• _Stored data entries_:
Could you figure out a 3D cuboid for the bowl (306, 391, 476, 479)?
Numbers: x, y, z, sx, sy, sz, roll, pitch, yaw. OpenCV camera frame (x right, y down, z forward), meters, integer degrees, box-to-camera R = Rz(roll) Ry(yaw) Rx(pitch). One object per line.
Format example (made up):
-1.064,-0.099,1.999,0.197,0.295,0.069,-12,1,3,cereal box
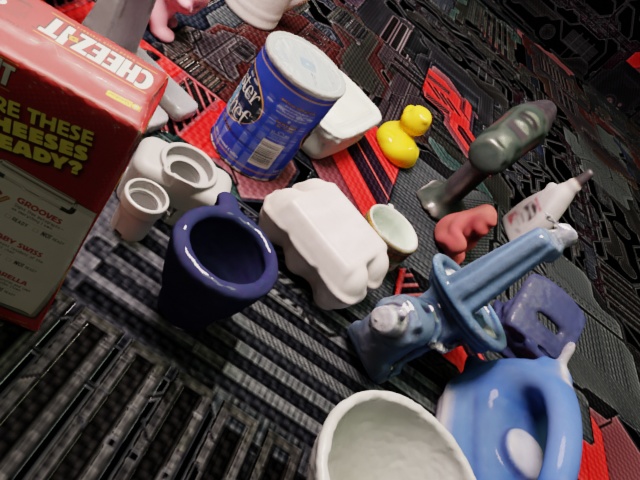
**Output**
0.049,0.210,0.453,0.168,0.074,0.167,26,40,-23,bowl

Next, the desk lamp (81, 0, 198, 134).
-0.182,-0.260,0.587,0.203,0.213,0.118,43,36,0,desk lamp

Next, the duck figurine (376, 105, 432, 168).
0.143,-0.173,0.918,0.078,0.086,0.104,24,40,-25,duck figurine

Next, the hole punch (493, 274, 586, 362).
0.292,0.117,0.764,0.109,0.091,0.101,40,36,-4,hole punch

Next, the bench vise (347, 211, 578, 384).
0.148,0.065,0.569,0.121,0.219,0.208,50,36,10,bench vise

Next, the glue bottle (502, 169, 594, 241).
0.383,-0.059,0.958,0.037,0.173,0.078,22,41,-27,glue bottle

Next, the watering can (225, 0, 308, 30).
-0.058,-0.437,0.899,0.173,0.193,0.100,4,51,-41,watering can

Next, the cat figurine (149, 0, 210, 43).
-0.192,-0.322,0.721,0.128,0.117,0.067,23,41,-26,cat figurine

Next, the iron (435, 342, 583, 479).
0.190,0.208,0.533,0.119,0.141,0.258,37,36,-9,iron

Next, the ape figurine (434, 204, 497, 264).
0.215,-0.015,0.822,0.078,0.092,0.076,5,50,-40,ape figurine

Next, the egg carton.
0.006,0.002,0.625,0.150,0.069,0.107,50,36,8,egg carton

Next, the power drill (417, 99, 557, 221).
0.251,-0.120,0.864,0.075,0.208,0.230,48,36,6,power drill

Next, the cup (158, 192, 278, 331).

...

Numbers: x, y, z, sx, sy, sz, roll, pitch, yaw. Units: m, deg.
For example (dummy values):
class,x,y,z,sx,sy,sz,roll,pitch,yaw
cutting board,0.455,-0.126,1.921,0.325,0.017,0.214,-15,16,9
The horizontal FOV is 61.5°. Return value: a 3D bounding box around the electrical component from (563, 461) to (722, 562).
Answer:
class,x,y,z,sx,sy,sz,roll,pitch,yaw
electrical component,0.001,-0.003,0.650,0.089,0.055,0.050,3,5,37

• _WORK TASK_: Retype only this portion of the data above: the line containing "Next, the glue bottle (502, 169, 594, 241).", the line containing "Next, the cup (158, 192, 278, 331).", and all lines between them, exactly.

• _EXPECTED ANSWER_:
Next, the glue bottle (502, 169, 594, 241).
0.383,-0.059,0.958,0.037,0.173,0.078,22,41,-27,glue bottle

Next, the watering can (225, 0, 308, 30).
-0.058,-0.437,0.899,0.173,0.193,0.100,4,51,-41,watering can

Next, the cat figurine (149, 0, 210, 43).
-0.192,-0.322,0.721,0.128,0.117,0.067,23,41,-26,cat figurine

Next, the iron (435, 342, 583, 479).
0.190,0.208,0.533,0.119,0.141,0.258,37,36,-9,iron

Next, the ape figurine (434, 204, 497, 264).
0.215,-0.015,0.822,0.078,0.092,0.076,5,50,-40,ape figurine

Next, the egg carton.
0.006,0.002,0.625,0.150,0.069,0.107,50,36,8,egg carton

Next, the power drill (417, 99, 557, 221).
0.251,-0.120,0.864,0.075,0.208,0.230,48,36,6,power drill

Next, the cup (158, 192, 278, 331).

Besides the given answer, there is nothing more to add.